Tercero la sencillez. Los Superiores han de vivir en sí una imitación tan cabal de la Divina Madre que les otorgue una perfección simple, tan simple que pase completamente inadvertida. Es ese espíritu que funde a los Superiores en el Cuerpo Místico de la Comunidad. No hacerlo así es demostrar a los ojos de los Hijos que no se ha vencido la personalidad mundana; es tener aún deseos de singularizarse y de hacerse notar.
El Superior no descuida por su cargo sus trabajos manuales y procura efectuarlos por sí sólo sin la ayuda de otros Hijos. No da buen ejemplo el Superior que, mientras él trabaja, pone en movimiento a todos los Hijos que lo rodean para que lo ayuden.
Está dispuesto divinamente que el Superior sea cabeza y piense para los Hijos; así que no es de extrañar si los Hijos adquieren las mismas virtudes o defectos de su Superior. Éste, mirando a los Hijos puede verse claramente a sí mismo.

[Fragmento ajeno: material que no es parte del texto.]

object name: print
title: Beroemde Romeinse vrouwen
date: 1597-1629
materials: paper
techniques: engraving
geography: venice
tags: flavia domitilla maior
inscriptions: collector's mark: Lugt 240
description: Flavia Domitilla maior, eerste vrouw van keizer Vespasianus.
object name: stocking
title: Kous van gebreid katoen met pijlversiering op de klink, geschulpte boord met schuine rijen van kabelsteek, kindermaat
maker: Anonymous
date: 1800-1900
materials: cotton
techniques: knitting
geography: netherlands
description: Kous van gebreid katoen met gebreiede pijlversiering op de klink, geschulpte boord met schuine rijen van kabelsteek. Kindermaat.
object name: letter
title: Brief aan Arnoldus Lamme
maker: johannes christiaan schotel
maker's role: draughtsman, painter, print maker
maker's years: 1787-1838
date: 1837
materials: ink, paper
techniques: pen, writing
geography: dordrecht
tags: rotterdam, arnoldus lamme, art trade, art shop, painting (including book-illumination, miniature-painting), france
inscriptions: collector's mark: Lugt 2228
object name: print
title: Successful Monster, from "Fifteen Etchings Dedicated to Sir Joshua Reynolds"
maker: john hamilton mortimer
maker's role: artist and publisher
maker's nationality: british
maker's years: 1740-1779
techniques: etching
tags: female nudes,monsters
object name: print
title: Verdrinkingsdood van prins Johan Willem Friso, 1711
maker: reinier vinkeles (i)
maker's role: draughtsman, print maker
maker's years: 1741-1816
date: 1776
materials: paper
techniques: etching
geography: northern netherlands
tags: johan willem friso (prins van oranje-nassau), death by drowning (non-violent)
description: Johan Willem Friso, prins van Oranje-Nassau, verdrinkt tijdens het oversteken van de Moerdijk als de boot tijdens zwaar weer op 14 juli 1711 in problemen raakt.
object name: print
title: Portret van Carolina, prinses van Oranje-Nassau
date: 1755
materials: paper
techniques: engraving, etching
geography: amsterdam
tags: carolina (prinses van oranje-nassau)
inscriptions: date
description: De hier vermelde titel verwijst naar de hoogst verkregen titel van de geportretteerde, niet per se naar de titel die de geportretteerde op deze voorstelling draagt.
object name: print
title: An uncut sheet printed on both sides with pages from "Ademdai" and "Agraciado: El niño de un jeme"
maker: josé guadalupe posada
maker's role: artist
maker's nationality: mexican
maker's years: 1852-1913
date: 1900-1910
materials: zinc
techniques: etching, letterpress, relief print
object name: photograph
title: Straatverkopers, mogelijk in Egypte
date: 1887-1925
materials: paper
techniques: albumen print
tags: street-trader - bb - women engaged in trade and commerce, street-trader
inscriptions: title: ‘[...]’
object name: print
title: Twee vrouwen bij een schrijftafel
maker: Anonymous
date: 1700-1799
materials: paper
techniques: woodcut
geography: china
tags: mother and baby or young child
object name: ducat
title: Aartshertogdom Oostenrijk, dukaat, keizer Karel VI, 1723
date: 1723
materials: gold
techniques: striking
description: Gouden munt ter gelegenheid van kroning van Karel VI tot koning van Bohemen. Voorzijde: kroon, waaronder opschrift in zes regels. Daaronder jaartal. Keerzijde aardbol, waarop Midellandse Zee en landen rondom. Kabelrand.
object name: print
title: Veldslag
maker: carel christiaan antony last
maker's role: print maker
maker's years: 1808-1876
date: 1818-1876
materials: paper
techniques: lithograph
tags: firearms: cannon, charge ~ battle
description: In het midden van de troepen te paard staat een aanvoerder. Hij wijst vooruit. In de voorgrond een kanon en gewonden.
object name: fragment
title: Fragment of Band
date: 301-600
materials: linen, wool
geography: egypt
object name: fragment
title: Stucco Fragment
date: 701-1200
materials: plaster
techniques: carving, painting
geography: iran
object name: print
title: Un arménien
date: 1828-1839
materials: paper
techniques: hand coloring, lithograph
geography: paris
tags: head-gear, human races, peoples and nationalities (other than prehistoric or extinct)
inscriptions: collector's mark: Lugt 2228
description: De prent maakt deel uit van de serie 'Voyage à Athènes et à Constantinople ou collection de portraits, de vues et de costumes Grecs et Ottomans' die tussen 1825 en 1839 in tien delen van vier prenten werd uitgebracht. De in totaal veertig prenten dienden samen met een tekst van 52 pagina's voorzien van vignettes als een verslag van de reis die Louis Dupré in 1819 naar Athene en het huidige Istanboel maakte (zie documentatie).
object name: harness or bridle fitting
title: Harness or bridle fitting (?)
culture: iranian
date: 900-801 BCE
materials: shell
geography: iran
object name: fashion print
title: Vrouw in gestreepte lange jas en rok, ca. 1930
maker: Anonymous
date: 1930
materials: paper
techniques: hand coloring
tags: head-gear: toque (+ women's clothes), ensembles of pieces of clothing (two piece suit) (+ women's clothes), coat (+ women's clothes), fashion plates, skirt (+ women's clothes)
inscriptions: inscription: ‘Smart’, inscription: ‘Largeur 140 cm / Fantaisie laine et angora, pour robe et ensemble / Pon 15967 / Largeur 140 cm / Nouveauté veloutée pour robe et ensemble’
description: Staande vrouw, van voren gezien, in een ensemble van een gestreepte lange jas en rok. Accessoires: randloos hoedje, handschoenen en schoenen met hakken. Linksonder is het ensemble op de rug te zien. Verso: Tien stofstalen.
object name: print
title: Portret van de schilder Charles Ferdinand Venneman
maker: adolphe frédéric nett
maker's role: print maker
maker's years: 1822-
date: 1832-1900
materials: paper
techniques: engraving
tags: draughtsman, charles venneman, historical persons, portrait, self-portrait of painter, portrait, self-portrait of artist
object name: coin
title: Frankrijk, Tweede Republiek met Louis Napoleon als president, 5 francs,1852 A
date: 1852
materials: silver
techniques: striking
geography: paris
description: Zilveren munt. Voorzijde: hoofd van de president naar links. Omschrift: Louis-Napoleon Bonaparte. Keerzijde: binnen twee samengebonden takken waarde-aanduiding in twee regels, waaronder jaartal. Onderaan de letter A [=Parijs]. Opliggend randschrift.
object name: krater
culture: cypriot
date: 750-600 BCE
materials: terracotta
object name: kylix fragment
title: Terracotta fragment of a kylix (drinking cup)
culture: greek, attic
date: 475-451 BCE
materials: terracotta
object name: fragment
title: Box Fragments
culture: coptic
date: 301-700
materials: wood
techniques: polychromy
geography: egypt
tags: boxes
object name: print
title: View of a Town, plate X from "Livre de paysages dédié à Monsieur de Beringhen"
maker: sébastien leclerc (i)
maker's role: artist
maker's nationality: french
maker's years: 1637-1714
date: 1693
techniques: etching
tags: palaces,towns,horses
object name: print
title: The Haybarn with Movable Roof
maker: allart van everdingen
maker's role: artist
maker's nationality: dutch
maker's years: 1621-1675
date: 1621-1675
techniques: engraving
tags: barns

El Superior ha de hacer que cada Hijo empiece su día como si fuera siempre el primer día de Seminario, porque el logro de la perfección de renuncia es un trabajo arduo que ha de durar toda la vida y no se produce nunca de golpe.
Los Superiores infundan siempre además en los Hijos espíritu de silencio, rutina y paciencia.
No aflojen nunca ni aprieten demasiado y, sin dejar que los Hijos se desanimen, enseñen que la alegría que sigue en el alma al cerciorarse que se ha vencido una imperfección va seguida de la tristeza que sobreviene al darse cuenta que otras imperfecciones han surgido.
Pero les indiquen que la vida de Comunidad es una continua penitencia, un pequeño martirio continuado, que templa al alma y que la hace resistente a todo lo que venga; da la perfección, si bien no de golpe, pero indefectiblemente.
Por último, los Superiores enseñarán a los Hijos que el amor, la caridad de renuncia, es el medio por el cual se logran todas las virtudes y la perfección misma. No sólo la caridad, el amor de obras, de acción, visible a los ojos del mundo que resulta relativamente fácil, sino ese amor, esa caridad interior de renuncia, que cuesta más por cuanto está más oculta y sensible de percibir al alma sola y que culmina en el holocausto; aquella exquisita caridad que ninguno conoce fuera de la Divina Madre y que sólo puede ser practicada plenamente en las comunidades.
Esa caridad de renuncia hace que el Hijo anteponga siempre a sus opiniones las opiniones de sus compañeros, ve grande sus propios defectos y es tanta su tolerancia que ni percibe los defectos de los otros; esa caridad que no busca nunca ni explicaciones, ni excusas aún cuando se vea injustamente acusado o interpretado, por muchas razones que se tenga, ni posterga las pruebas a las cuales necesariamente debe ser sometida el alma en la vida de Comunidad.
Esa caridad de renuncia que lo hace todo tolerable y alegre, que hace al alma resistente como el acero y le da una fuerza inquebrantable en todos los instantes del día, sin variantes.
Esa caridad que hace aparentar ser propios los pequeños deseos de los otros, que aparenta no haber notado una irregularidad en el compañero u observarlo indebidamente cuando está mortificado o afligido frente a un desacierto o a una reprensión.
Aquella caridad de renuncia que sólo vive para la sensibilidad y los dolores de las otras almas.